Required action:
What is needed is an exact repeat of the lines from the one holding "Supply the oriented" through the final line of the data, with no pictures.

Records shown:
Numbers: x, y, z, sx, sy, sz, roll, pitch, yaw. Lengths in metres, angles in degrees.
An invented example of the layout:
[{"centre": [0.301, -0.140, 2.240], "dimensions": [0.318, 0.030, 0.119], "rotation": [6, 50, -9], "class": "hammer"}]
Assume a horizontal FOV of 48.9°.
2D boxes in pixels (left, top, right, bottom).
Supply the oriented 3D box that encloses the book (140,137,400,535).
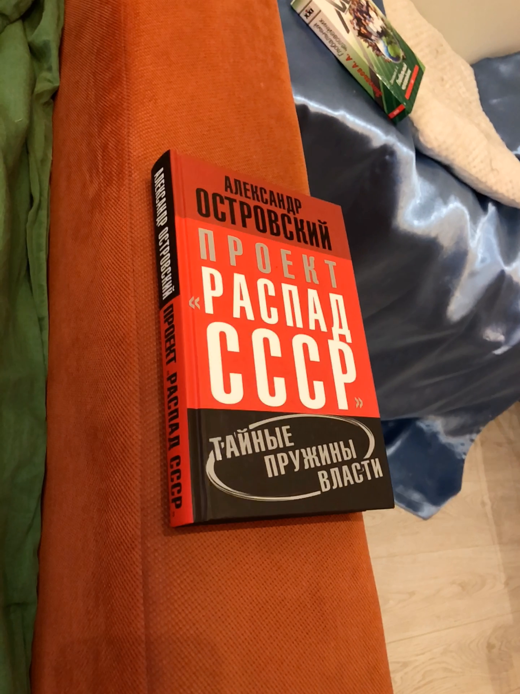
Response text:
[{"centre": [0.004, -0.007, 0.330], "dimensions": [0.136, 0.030, 0.207], "rotation": [8, 66, -35], "class": "book"}]

Output of the exercise:
Supply the oriented 3D box that encloses the book (140,137,400,535).
Response text:
[{"centre": [0.004, -0.007, 0.330], "dimensions": [0.136, 0.030, 0.207], "rotation": [8, 66, -35], "class": "book"}]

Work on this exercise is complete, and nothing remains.